Conclusion The current experiment demonstrated that the winter in the Canberra region reduced the rate of decomposition, which extended the stages of Fresh, Bloat and Decay over 90 days. The sunlit and shaded pig carrion showed no significant difference in rate of decomposition, however changes in soft tissue were observed showing mummification in the dry, sunlit habitats and the formation of adipocere in the moist, shaded habitats. Temperature variations between the two habitats showed no significant difference in ambient temperature or body temperature, but the control samples did demonstrated that the rate of decomposition was linked to the insect activity. When examining insect activity in sunlit and shaded locations, a significant difference between insect populations was observed. Diptera abundance was almost doubled at sunlit carrion sites throughout the stages of decomposition in comparison to shaded carrion, with slight variations in Hymenoptera and Coleoptera numbers. However, the Hymenoptera population was more abundant at shaded sites during Bloat. There also were observable preferences between some species for sunlit or shaded environments. when examining the development rate and ADD of blowflies at this time of year, errors in PMI due to cold weather which may delay the oviposition of eggs and reduce the growth rate of larvae can cause inaccuracies in PMI estimates. Therefore, temperature conditions which are below a species minimum temperature threshold and which stunt larvae development should be taken into consideration when estimating the PMI.

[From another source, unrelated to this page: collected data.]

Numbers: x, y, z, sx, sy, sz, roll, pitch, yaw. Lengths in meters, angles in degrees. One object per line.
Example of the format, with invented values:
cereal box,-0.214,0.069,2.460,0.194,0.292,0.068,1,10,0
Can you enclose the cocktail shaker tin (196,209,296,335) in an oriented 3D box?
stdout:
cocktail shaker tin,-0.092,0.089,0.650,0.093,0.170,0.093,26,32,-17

Future Directions and Research The current study had some limitations which could be improved in future sunlit and shaded carrion examination. Further consideration of location differences of sunlit and shaded carrion, and differences of seasonal and yearly data would contribute significantly to the research. Additional data from maggot mass temperatures, laboratory reared maggots and effective data loggers would also be beneficial. A comprehensive study of variations in Calliphora stygia larval weight, length, development rate and minimum temperature threshold for cold temperature conditions, which are collected from the Canberra region, could provide more information for estimating PMI during winter. Also the statistical error in delayed oviposition and the accuracy of PMI estimations could be examined to determine a standard error rate.